Data extracts:
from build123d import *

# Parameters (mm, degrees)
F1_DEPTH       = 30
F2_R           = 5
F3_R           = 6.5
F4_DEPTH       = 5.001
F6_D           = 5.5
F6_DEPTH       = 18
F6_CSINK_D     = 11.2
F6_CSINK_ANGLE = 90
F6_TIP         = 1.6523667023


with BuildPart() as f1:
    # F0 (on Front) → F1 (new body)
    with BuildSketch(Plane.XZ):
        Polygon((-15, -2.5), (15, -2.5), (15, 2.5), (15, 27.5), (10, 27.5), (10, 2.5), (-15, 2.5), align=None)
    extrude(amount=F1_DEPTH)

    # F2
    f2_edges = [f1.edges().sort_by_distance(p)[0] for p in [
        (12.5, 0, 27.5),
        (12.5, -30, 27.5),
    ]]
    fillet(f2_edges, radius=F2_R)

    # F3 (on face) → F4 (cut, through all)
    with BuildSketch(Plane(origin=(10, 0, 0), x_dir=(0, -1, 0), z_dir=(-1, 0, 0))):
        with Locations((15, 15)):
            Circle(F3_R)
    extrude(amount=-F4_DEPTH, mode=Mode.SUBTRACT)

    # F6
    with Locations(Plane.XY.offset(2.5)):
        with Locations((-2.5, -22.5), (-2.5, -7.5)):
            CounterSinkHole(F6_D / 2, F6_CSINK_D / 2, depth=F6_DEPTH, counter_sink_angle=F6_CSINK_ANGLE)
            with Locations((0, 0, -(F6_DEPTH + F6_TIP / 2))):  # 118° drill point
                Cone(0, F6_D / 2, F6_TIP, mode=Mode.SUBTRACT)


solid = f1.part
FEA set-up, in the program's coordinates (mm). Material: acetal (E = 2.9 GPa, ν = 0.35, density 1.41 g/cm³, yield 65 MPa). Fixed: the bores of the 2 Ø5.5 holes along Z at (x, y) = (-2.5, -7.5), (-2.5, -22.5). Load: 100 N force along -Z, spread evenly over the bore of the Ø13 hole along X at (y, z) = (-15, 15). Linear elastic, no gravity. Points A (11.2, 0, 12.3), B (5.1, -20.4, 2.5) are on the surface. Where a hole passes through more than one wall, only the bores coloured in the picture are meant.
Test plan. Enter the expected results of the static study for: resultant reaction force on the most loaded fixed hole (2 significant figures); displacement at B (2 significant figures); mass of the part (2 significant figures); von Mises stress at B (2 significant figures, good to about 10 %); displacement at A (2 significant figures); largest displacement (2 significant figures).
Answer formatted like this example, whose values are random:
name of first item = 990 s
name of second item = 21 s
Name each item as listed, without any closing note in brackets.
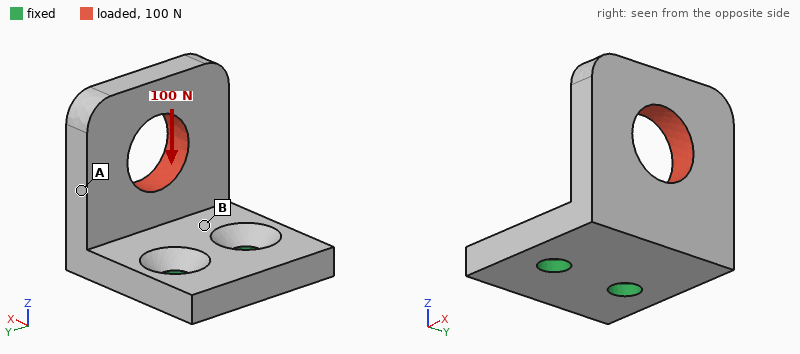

Exercise requirements:
Omit each image and transcribe the remaining records word for word.

Final answer:
from build123d import *

# Parameters (mm, degrees)
F1_DEPTH       = 30
F2_R           = 5
F3_R           = 6.5
F4_DEPTH       = 5.001
F6_D           = 5.5
F6_DEPTH       = 18
F6_CSINK_D     = 11.2
F6_CSINK_ANGLE = 90
F6_TIP         = 1.6523667023


with BuildPart() as f1:
    # F0 (on Front) → F1 (new body)
    with BuildSketch(Plane.XZ):
        Polygon((-15, -2.5), (15, -2.5), (15, 2.5), (15, 27.5), (10, 27.5), (10, 2.5), (-15, 2.5), align=None)
    extrude(amount=F1_DEPTH)

    # F2
    f2_edges = [f1.edges().sort_by_distance(p)[0] for p in [
        (12.5, 0, 27.5),
        (12.5, -30, 27.5),
    ]]
    fillet(f2_edges, radius=F2_R)

    # F3 (on face) → F4 (cut, through all)
    with BuildSketch(Plane(origin=(10, 0, 0), x_dir=(0, -1, 0), z_dir=(-1, 0, 0))):
        with Locations((15, 15)):
            Circle(F3_R)
    extrude(amount=-F4_DEPTH, mode=Mode.SUBTRACT)

    # F6
    with Locations(Plane.XY.offset(2.5)):
        with Locations((-2.5, -22.5), (-2.5, -7.5)):
            CounterSinkHole(F6_D / 2, F6_CSINK_D / 2, depth=F6_DEPTH, counter_sink_angle=F6_CSINK_ANGLE)
            with Locations((0, 0, -(F6_DEPTH + F6_TIP / 2))):  # 118° drill point
                Cone(0, F6_D / 2, F6_TIP, mode=Mode.SUBTRACT)


solid = f1.part
FEA set-up, in the program's coordinates (mm). Material: acetal (E = 2.9 GPa, ν = 0.35, density 1.41 g/cm³, yield 65 MPa). Fixed: the bores of the 2 Ø5.5 holes along Z at (x, y) = (-2.5, -7.5), (-2.5, -22.5). Load: 100 N force along -Z, spread evenly over the bore of the Ø13 hole along X at (y, z) = (-15, 15). Linear elastic, no gravity. Points A (11.2, 0, 12.3), B (5.1, -20.4, 2.5) are on the surface. Where a hole passes through more than one wall, only the bores coloured in the picture are meant.
Test plan. Enter the expected results of the static study for: resultant reaction force on the most loaded fixed hole (2 significant figures); displacement at B (2 significant figures); mass of the part (2 significant figures); von Mises stress at B (2 significant figures, good to about 10 %); displacement at A (2 significant figures); largest displacement (2 significant figures).
Answer formatted like this example, whose values are random:
name of first item = 990 s
name of second item = 21 s
Name each item as listed, without any closing note in brackets.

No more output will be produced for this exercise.